Blog, Chirosecure Live Event July 12, 2022

Multi-disciplinary Practice Risk Areas

Click here to download the transcript.

Disclaimer: The following is an actual transcript. We do our best to make sure the transcript is as accurate as possible, however, it may contain spelling or grammatical errors.  We suggest you watch the video while reading the transcript.

I always like to tell folks about the multidisciplinary model that you may or may not hear from a consultant. That’s trying to pitch you on that model.

Is that it is one of the more risky things that you can do as a chiropractor. And I’m not saying that you should do it. But I always docs going in eyes wide open so that they understand what they’re getting into, what their. Demands and obligations are going to be transitioning from treating doctor to business manager so that you can, in the context of informed consent, if you will, that you know what you’re getting into so that you’re not into it by six or eight months.

And then you find out the truth and then realize you maybe would have made a different decision. So the first thing that you have to understand about modern disciplinary practice is that it is not perceived well among the folks in the government SIU folks for commercial payers especially where the the owner or manager of the practice is a doctor of chiropractic.

In the government’s experience chiropractically owned, managed, and or controlled. And we’ll talk about issues of sham ownership and things of that nature, that it, how they’ve come after these folks. But They, their default is that it’s a criminal enterprise. And in which case, knowing that going in, there’s some things that you need to be very cautious of in terms of what you do and how you run your practice to make sure that you don’t trigger anything that would substantiate that the false perception, if you were ever to get looked at now, depending on the state.
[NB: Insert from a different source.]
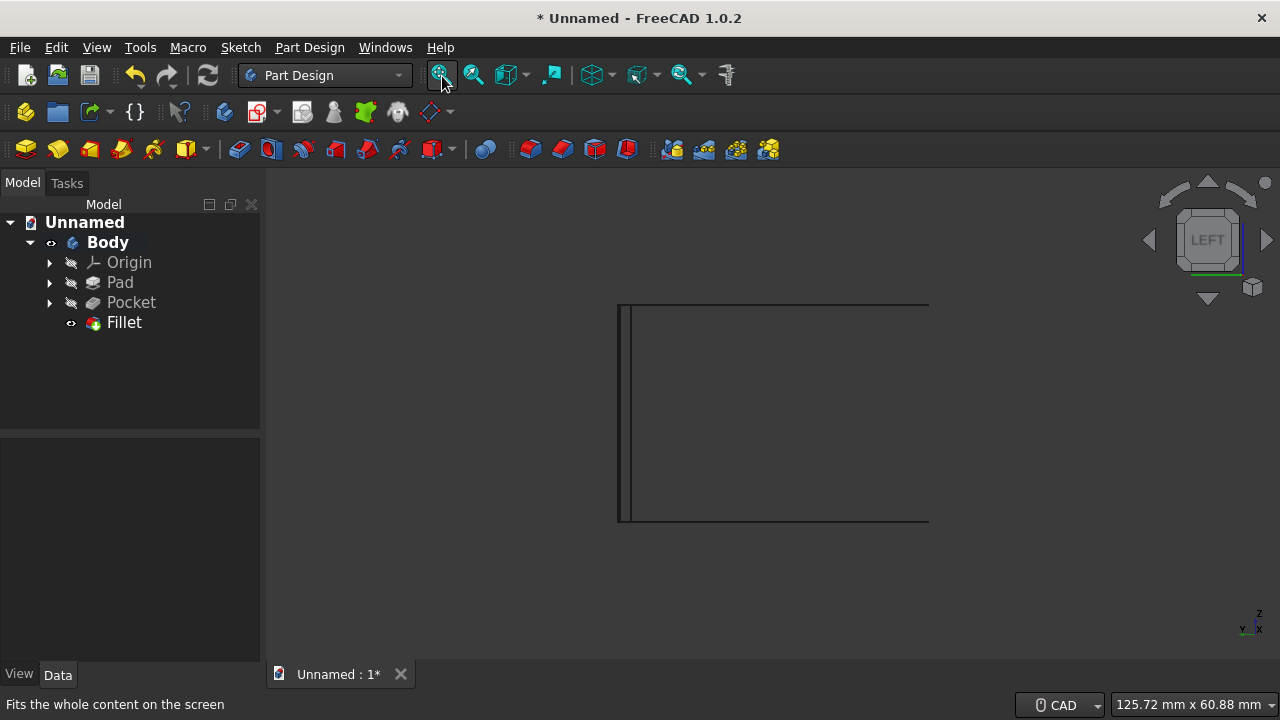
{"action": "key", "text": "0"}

Under what are called corporate practice of medicine or the corporate practice of medicine doctrine a chiropractor may or may not own some or all of a medical practice. So depending on state law You can in some states own the entire practice and hire medical professionals and all of that in states where you cannot the model usually involves granting ownership of the medical corporation to the medical doctor without any financial investment at least not upfront sometimes not even on the back end.

And then there is a management committee. That is owned by the chiropractor that effectively manages the medical practice and provides unlicensed staff, billing services space, equipment, and so forth. And you have to be very cautious in those scenarios because the way that the government takes those down is usually with what they call a money line.
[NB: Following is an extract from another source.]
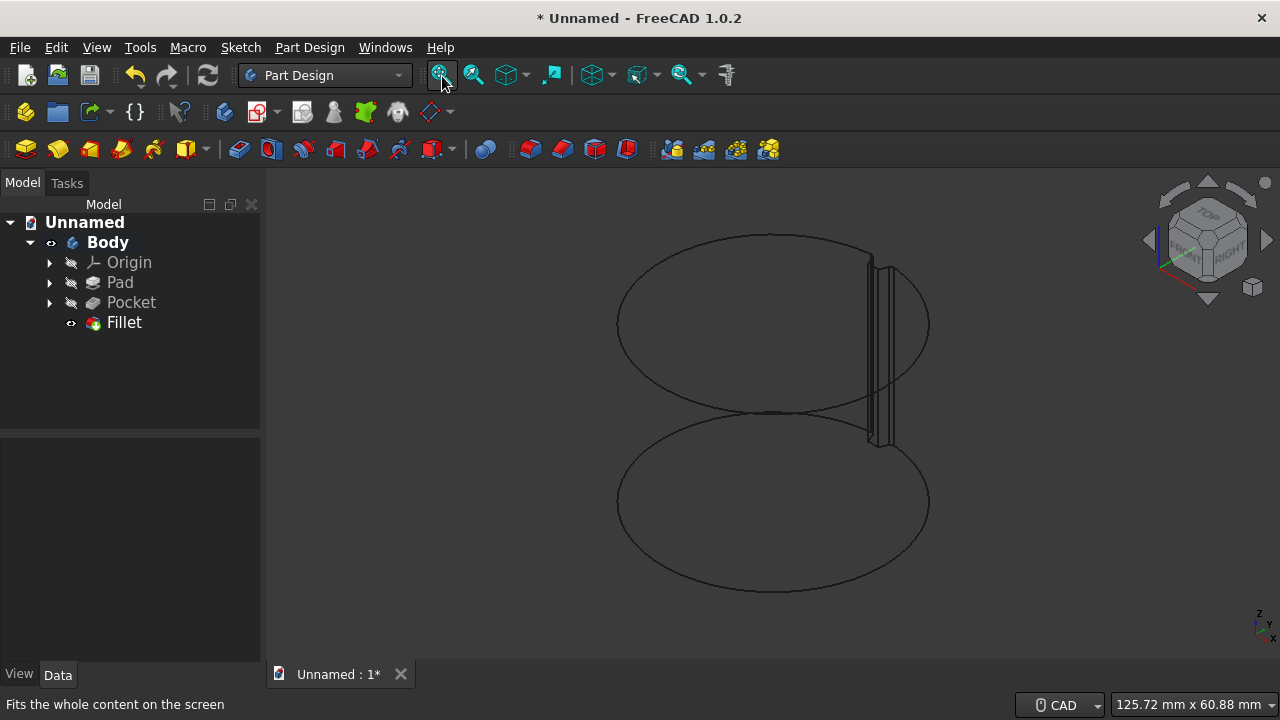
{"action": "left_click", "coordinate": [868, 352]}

Effectively, what happens is that the management agreement is not a fair market value arm’s length transaction, meaning that the management company’s fee, if you will for their services is whatever the medical corporation makes. In reality, no medical corporation would contract arms length with a management corporation under those terms.

And that’s why the government, blows apart any of those agreements. So if you are going to have a management corporation, To manage the medical corporation. You got to make sure that you it’s a deal that you would do with a third party. So if you’re going to provide billing services, you have a billing services agreement.

If you’re going to provide staff, you’re going to provide part of the agreement is going to be, who they are, how much they’re going to pay for. And usually these are fixed amounts. You’re going to rent equipment. You’re going to rent space. It’s going to be fair market value.

And if you’re not sure what that is, and you get a fair market value consultant, to evaluate what you’re providing and what you should charge for it. So that it does not appear to be a sham arrangement. Once you get over that hurdle. The problem that most docs it will. How am I going to make money?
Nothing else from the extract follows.